At this point I had been completely broken, and was ready to rebuild.

This took another three years or so, and involved a kind of self-nurture that, ironically, I had been too selfish to previously allow myself, lest the softness made me weak. It also involved smoking a tremendous amount of cannabis, for the reason that this medicine prevented the pull of the body from dragging my frequency back down to clay because of pain and nausea.

I had to learn to accept that I was not and could never be judged by ephemeral concerns. I embarked on an attempt to purify my soul, which involved abstinence from all of tobacco, alcohol and women.

This last of the four nine-year blocks of my life ended this week, upon turning 36. It ended with my acceptance of the fact that I feel entirely at peace and that there is nothing, fundamentally to fear. I am absolved of all sin and can take my part in the play.

This, I feel, is the lesson of the element of gold. It cannot shine directly on people, in the manner of silver, because where people become blinded and dazzled by silver they become humbled by gold, and in being humbled they become resentful, and in becoming resentful they become destructive.
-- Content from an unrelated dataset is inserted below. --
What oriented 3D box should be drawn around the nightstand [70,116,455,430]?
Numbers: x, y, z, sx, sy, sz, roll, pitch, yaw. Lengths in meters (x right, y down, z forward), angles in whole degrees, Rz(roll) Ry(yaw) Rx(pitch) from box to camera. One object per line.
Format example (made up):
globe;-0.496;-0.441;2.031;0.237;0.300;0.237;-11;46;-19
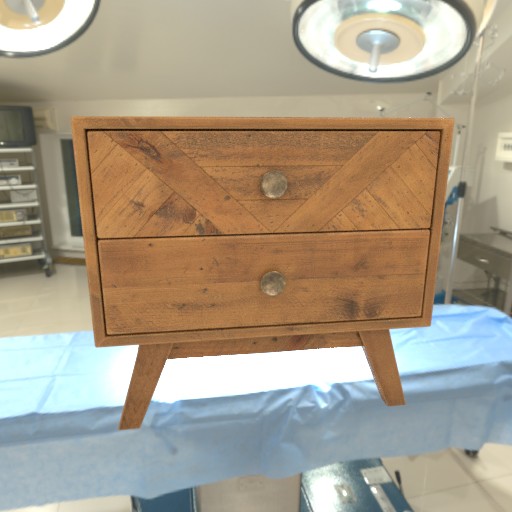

Gold, being the softest of all metals, can least tolerate that destructive will, and so it has to learn to be subtle. Its essence is therefore gentleness and precision. Working on the level of gold means learning to influence on the level of spirit, not just the level of mind (as is silver).

I feel that now, at age 36, a certain alchemical process has come to its end and that now I can live on whatever level of clay, iron, silver or gold is necessary for the environment that I am in, now that I know how to tune into the appropriate frequency.